И опять Люка. Она ждет любовника в зале у окна, и в окно видна Венеция. На Люке широкое вечернее платье. Светлые локоны спускаются на ее голые плечи. Она ждет, она волнуется. У нее действительно измученное ожиданием и любовью лицо. Она ломает руки, и даже этот театрально-фальшивый жест кажется необходимым. «Жак», — зовет она таким голосом, что, если этот Жак только услышит ее голос, он не сможет не прийти. И он слышит, он входит. Разрыв. Да, это разрыв. Люка плачет. Она действительно плачет. Это настоящие, не глицериновые слезы. Она плачет, всхлипывая по-детски, так, что трудно разобрать ее слова. Плачет, как плакала при нем, Тьери. Она бросается на диван, ее широкое платье разлетается, она кидает подушки на пол. Она плачет все сильней, все беспомощней. Слова, слова… Не все ли равно, что она говорит? Она снимает с шеи брильянтовую цепь и возвращает ему. Без этого брильянтового блеска она становится еще воздушнее, будто брильянтовая цепь привязывала ее к земле и теперь уже ее ничего не удерживает. Она протягивает ему брильянтовую цепь таким умоляющим жестом, будто эта цепь может связать их. Но он, ее любовник, не берет цепи. Она целует его с мучительно-мученической нежностью, и он уходит. Тьери чувствует, что ему трудно дышать от жалости. Такая прелестная, такая обреченная на гибель. Нет, это не Люка, не та Люка, которая так же вот плакала перед ним, так же, с таким же лицом просила его. Нет, он не помнит о Люке, он забыл Люку. Но судьба женщины на экране, хотя он знает каждое ее слово, каждое ее движение, хотя он десятки раз просматривал, прослушивал их, волнует его.

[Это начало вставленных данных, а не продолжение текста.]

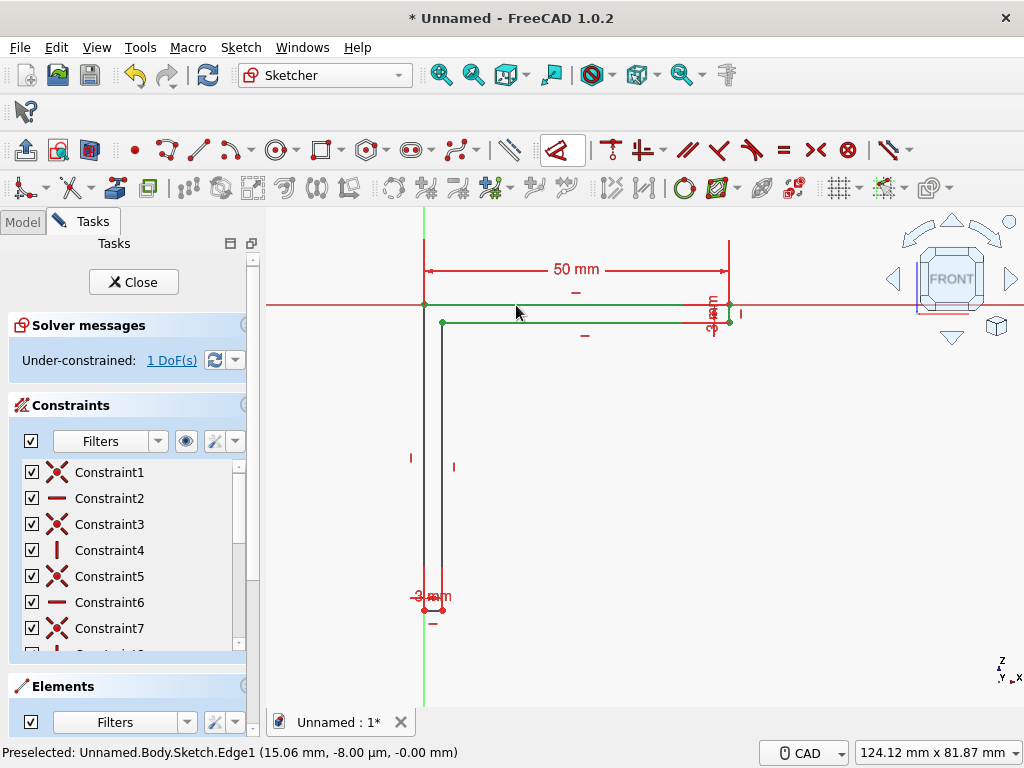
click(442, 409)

Теперь она сидит на постели в наглухо застегнутой длинной ночной рубашке. Она читает какую-то книгу, ее наклоненное лицо совершенно ясно, совершенно спокойно, и это непонятно — ведь он, ее любовник, бросил ее.
По комнате ходит сестра милосердия. На столе у постели бутылки лекарств. Люка читает. Она поворачивает страницу книги, она поднимает голову и смотрит прямо перед собой на зрителей, на Тьери. Ее глаза, как два пятна горя на спокойном, молодом лице. Сестра милосердия поправляет подушку. И вдруг Люка захлопывает книгу, руки быстро пробегают по простыне, плечи двигаются, голова поворачивается то влево, то вправо, наклоняется, прислушиваясь к чему-то, и лицо меняется — тяжелое беспокойство затемняет его ясность. Она откидывает одеяло, она встает, такая тонкая, высокая, в длинной рубашке. Она поднимает локти, она даже немного подпрыгивает, как птица, готовая сняться с места и полететь. И только тогда за дверью раздаются шаги и входит он, ее любовник. Он протягивает к ней руки, он что-то говорит. Но она уже падает всей тяжестью, будто ее толкнули в спину, и он, подбежав, успевает подхватить ее. Они стоят обнявшись, ее лицо спрятано на его плече. Она произносит только одно слово — «навсегда».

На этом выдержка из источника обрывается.